You Are About to Pay a Stranger More Than Your Best Employee
- Scott Hoffhines
- Feb 11
- 2 min read
And you hope they do not find out.
Every Founder and VP of People dreads this moment during a growth spurt.
You find the perfect candidate. They are a game-changer. But the market price for their role has jumped 20% since you hired your current team.
To land them, you must break your own pay band. You sign the offer letter, but your instincts tell you it is a mistake.
Because you know the clock is ticking.
Eventually, people talk. And when your loyal high-performer finds out that the "new person" makes $20k more than them for the same job, you do not just have a salary dispute. You have a betrayal.

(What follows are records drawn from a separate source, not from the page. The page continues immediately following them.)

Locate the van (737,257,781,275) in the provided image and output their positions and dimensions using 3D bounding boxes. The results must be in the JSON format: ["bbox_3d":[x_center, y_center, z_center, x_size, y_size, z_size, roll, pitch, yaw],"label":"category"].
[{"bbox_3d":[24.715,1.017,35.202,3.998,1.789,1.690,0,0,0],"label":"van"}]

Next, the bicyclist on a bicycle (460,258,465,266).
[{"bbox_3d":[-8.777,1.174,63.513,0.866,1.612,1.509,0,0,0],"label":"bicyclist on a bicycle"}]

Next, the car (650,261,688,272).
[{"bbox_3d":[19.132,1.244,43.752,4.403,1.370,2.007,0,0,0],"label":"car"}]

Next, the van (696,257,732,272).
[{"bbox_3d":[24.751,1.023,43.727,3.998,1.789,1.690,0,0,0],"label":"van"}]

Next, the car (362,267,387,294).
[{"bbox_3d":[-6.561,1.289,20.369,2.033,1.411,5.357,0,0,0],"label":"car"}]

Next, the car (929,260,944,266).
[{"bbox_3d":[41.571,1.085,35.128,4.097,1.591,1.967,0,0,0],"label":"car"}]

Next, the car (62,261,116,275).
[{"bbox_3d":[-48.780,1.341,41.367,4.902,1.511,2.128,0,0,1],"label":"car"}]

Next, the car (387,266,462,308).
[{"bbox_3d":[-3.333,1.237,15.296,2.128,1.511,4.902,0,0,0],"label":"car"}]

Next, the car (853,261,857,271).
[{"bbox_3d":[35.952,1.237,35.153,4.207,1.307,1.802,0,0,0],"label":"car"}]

The "Internal Equity" Trap.
You stand frozen between two bad options:
Lose the Candidate: Stick to your old bands and miss the growth.
Risk the Mutiny: Pay the market rate and hope nobody notices.
But you have a third option.
You cannot hold back the market. But you can explain the gap. Before you sign that offer, run a "Gap Analysis":
Is it Inflation? (Timing). If the only difference is "Market Rate," you have a compression problem. You must budget for a correction in the next cycle, or you will lose your core team.
Is it Skill? (Capability). Does the new hire bring a specific certification, network, or technical depth the current team lacks?
If the cause is skill, you can defend it. If the cause is just timing, you are creating a disparity that will break trust.
Do not let a private offer letter become a public resignation.
If you had to explain a salary gap to your top performer, could you?